SeaWorld Florida has, once again, come under fire for their policies regarding orca whale trainers and their interactions with the whales. According to OSHA (Occupational Safety and Health Administration), SeaWorld is being fined again for failing to comply with a federal court order and for continuing to “run a workplace with recognized hazards that were causing or likely to cause death or serious physical harm to employees.” Speculation into SeaWorld’s practices began in 2010 when an orca trainer was killed during a show with guests present. Even after the death of a top trainer and a pending wrongful death lawsuit, SeaWorld continued to use the whale in their shows.
The orca whale obtained by SeaWorld named Tilikum was captured off the coast of Iceland in 1983 when he was approximately two years old. Orcas in the wild live with their families for their entire lives, but this orca (Tilikum) had been taken from his family to be used at a marine park. Capturing orca whales for this purpose seems to be common practice in the industry. Once Tilikum was captured, he was moved to a holding tank in Iceland before he was transported to a park in Canada. Once he arrived at the park, he was placed in his new home: a 35-foot pool. Keep in mind that Tilikum is a 12,000-pound whale. As a training technique, food was withheld from the whale and he was made to perform shows eight times per day, every single day. As Tilikum was not the only orca at the marine park, once the day was over, three orcas would have to share a small metal tank until the next day when the park would reopen. According to staff members, Tilikum was not treated very well by his tank-mates at night. He would even have long rake marks all over his body from being bullied by the two other whales. Over time, this understandably caused tension between the animals and caused Tilikum and other whales to act out.

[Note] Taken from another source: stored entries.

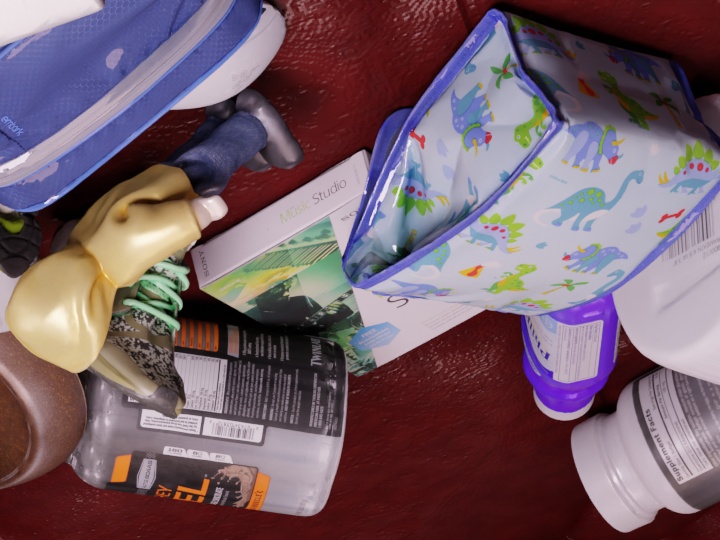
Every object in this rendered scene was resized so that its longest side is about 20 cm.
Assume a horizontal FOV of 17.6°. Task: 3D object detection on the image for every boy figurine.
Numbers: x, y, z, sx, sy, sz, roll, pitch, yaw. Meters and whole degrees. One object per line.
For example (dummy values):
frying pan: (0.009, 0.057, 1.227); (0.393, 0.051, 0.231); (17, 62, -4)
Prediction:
boy figurine: (-0.120, -0.024, 1.339); (0.065, 0.200, 0.124); (52, 152, -20)

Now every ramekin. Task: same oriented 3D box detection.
ramekin: (0.248, -0.019, 1.514); (0.097, 0.201, 0.201); (13, 139, -27)

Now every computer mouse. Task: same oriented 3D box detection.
computer mouse: (-0.135, -0.117, 1.319); (0.199, 0.044, 0.110); (-7, 147, -15)

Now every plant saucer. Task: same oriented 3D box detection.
plant saucer: (-0.273, 0.076, 1.479); (0.199, 0.035, 0.201); (10, 135, 11)

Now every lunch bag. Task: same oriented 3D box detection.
lunch bag: (0.104, -0.050, 1.458); (0.169, 0.128, 0.200); (10, 131, -37)
lunch bag: (-0.149, -0.139, 1.167); (0.200, 0.136, 0.132); (-38, 147, 1)

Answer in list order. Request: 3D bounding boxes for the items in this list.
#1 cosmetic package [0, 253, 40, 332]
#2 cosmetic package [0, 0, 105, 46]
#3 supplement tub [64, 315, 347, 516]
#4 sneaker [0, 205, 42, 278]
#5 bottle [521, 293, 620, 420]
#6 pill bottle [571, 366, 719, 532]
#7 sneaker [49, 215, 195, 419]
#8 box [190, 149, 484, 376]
cosmetic package: (-0.291, -0.005, 1.372); (0.199, 0.102, 0.074); (-13, 148, -7)
cosmetic package: (-0.233, -0.184, 1.001); (0.199, 0.167, 0.168); (-19, 123, 4)
supplement tub: (-0.114, 0.093, 1.564); (0.199, 0.123, 0.123); (9, 144, -8)
sneaker: (-0.252, -0.073, 1.264); (0.080, 0.074, 0.201); (-10, 123, 24)
bottle: (0.150, 0.040, 1.665); (0.065, 0.084, 0.200); (-13, 150, -6)
pill bottle: (0.272, 0.120, 1.817); (0.199, 0.116, 0.116); (-30, 147, 22)
sneaker: (-0.133, 0.007, 1.397); (0.077, 0.200, 0.089); (30, 111, -34)
box: (0.000, 0.000, 1.576); (0.144, 0.037, 0.200); (-30, 145, 22)
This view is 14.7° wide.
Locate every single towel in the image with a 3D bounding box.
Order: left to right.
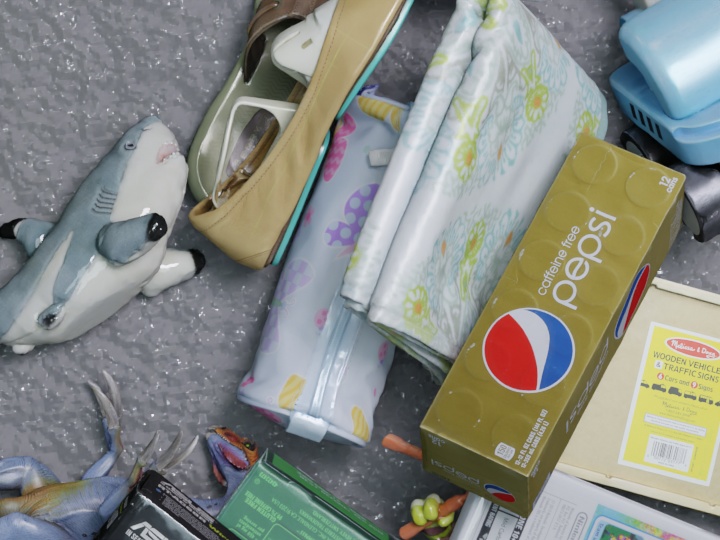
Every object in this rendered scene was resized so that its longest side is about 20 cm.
[{"bbox_3d":[0.067,-0.040,1.538,0.048,0.171,0.201,18,81,25],"label":"towel"}]

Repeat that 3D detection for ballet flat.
[{"bbox_3d":[-0.035,-0.093,1.542,0.063,0.069,0.201,26,106,-8],"label":"ballet flat"}]

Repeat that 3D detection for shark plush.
[{"bbox_3d":[-0.175,0.000,1.594,0.200,0.091,0.084,-39,71,14],"label":"shark plush"}]

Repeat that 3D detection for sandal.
[{"bbox_3d":[-0.036,-0.122,1.598,0.079,0.057,0.202,22,85,-3],"label":"sandal"}]

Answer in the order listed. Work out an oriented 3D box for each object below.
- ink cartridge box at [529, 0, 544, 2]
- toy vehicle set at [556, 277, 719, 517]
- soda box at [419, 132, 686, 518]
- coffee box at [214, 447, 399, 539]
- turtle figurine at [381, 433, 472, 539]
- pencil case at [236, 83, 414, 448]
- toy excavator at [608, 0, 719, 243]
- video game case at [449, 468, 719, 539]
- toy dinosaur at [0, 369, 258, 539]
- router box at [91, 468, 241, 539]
[{"bbox_3d":[0.049,-0.265,1.565,0.146,0.083,0.201,7,71,8],"label":"ink cartridge box"},{"bbox_3d":[0.185,0.073,1.624,0.199,0.027,0.125,16,85,-5],"label":"toy vehicle set"},{"bbox_3d":[0.106,0.028,1.522,0.067,0.064,0.201,24,67,15],"label":"soda box"},{"bbox_3d":[-0.063,0.212,1.535,0.123,0.044,0.201,34,99,-2],"label":"coffee box"},{"bbox_3d":[0.072,0.187,1.589,0.199,0.064,0.162,28,92,-12],"label":"turtle figurine"},{"bbox_3d":[0.000,0.000,1.578,0.083,0.091,0.201,23,86,-22],"label":"pencil case"},{"bbox_3d":[0.176,-0.145,1.591,0.099,0.195,0.201,-28,118,-6],"label":"toy excavator"},{"bbox_3d":[0.116,0.222,1.556,0.181,0.024,0.201,22,92,-12],"label":"video game case"},{"bbox_3d":[-0.153,0.132,1.584,0.180,0.105,0.201,17,123,-17],"label":"toy dinosaur"},{"bbox_3d":[-0.084,0.227,1.484,0.200,0.062,0.150,38,98,-2],"label":"router box"}]
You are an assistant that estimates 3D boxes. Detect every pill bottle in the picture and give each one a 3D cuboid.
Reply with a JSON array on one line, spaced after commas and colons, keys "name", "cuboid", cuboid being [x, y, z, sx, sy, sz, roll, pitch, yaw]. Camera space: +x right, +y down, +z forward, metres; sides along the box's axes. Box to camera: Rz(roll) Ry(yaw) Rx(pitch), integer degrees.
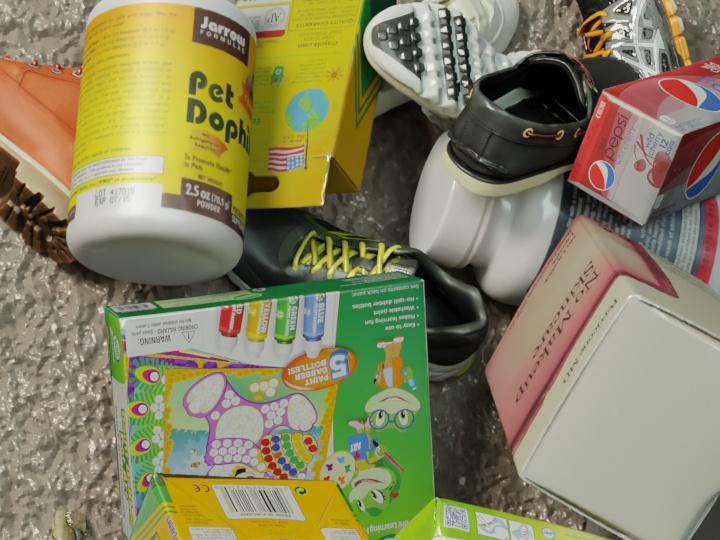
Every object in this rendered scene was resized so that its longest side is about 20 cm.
[{"name": "pill bottle", "cuboid": [0.141, -0.027, 1.229, 0.199, 0.120, 0.120, 15, 66, -14]}, {"name": "pill bottle", "cuboid": [-0.121, -0.100, 1.117, 0.108, 0.109, 0.202, 8, 70, -16]}]

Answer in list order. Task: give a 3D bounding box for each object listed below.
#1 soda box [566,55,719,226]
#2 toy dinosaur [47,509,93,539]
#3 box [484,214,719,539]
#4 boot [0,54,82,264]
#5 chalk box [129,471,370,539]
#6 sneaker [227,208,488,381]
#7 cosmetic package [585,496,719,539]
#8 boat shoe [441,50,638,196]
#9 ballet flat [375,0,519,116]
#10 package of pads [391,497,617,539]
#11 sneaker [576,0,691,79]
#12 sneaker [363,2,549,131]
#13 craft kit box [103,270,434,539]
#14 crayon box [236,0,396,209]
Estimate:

In 1991, a trainer named Keltie Byrne was walking around the pool where the three whales were swimming. She accidentally slipped into the pool, which should have been a small mistake, but it actually turned deadly. When she fell in, Tilikum grabbed her to the bottom of the pool and the two other whales joined in to “toss her around.” Byrne ultimately drowned and it took two hours to try to retrieve Byrne’s body from the whales. Little did anyone know that this would be the first of three tragedies caused by an over-stressed and over-worked animal. Not long after her death, the Canadian marine park closed down and Tilikum was put up for sale.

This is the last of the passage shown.